Reputation: 15
I am trying to convert a column 'Date' into few columns of 'day of week'...etc. I am not sure why it always gets stuck after about 2000 steps. Because there are quite a lot of data, I would also love to know if there is a faster way of doing so.

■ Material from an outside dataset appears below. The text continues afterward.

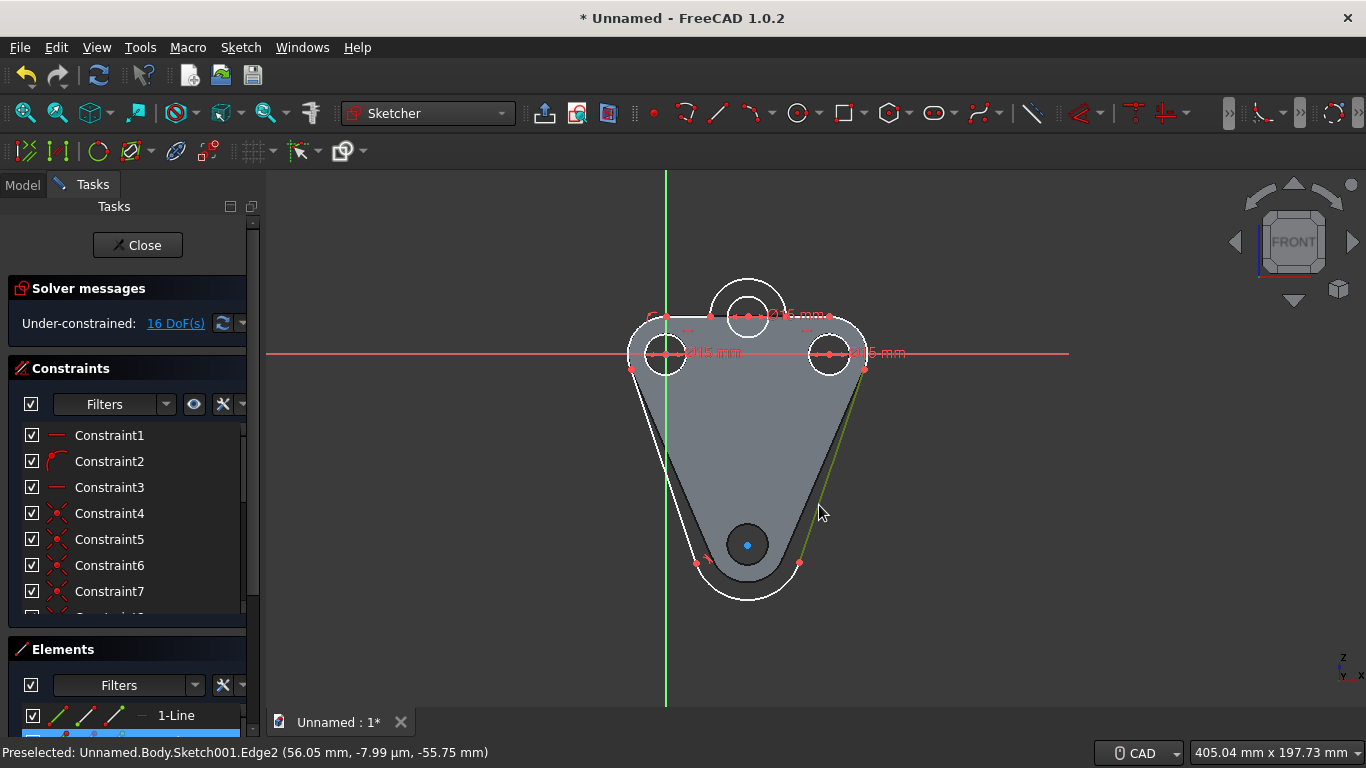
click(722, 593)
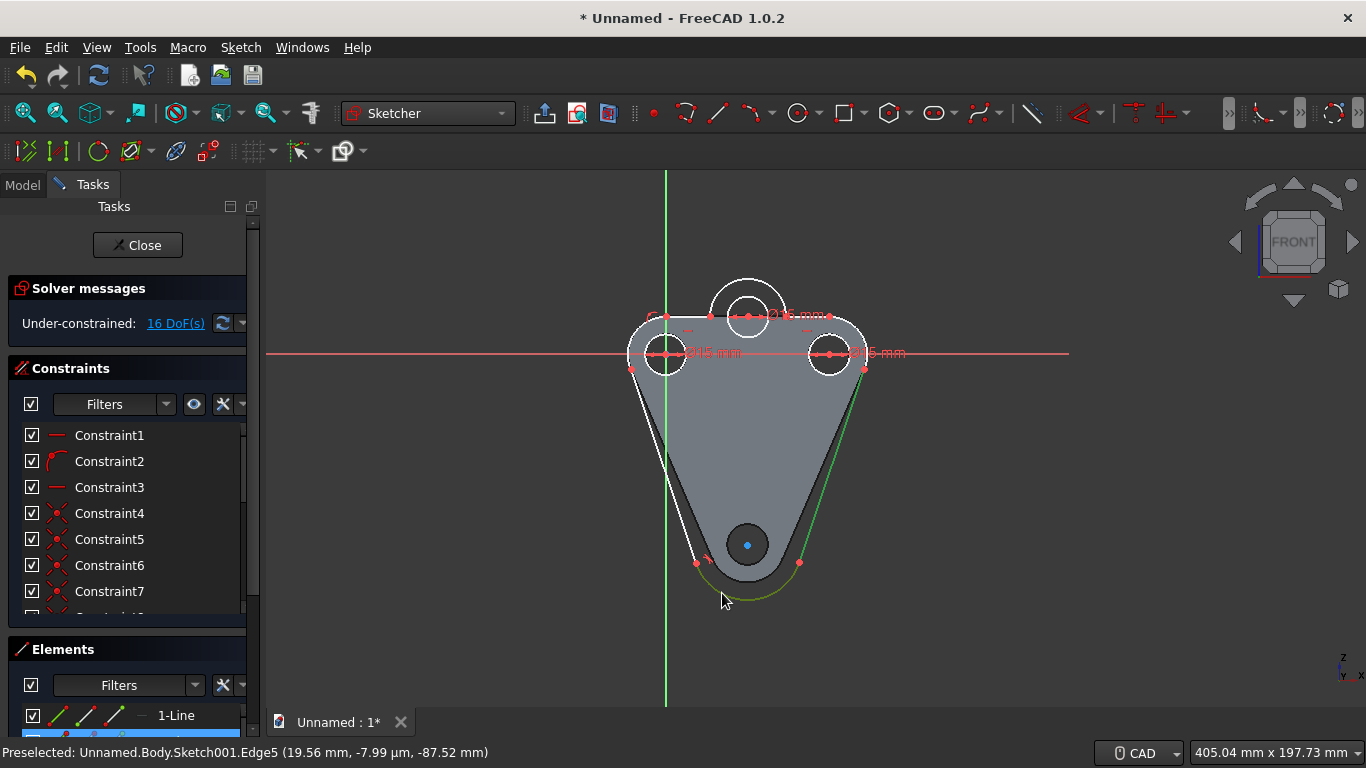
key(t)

Thank you.
trainset.head()
Zone_ID Date Hour_slot Hire_count
0 1 2016-02-01 0 0
1 1 2016-02-01 1 0
2 1 2016-02-01 2 0
3 1 2016-02-01 3 0
4 1 2016-02-01 4 0
trainset.shape
(219600, 4)
This is what I have
TrainSet = trainset.copy()
TrainSet['w'] = 0
TrainSet['j'] = 0
TrainSet['U'] = 0
TrainSet['W'] = 0
for i in range(trainset.shape[0]):
TrainSet.loc[i, 'w'] = datetime.datetime.strptime(trainset.loc[i,'Date'], "%Y-%m-%d").strftime('%w')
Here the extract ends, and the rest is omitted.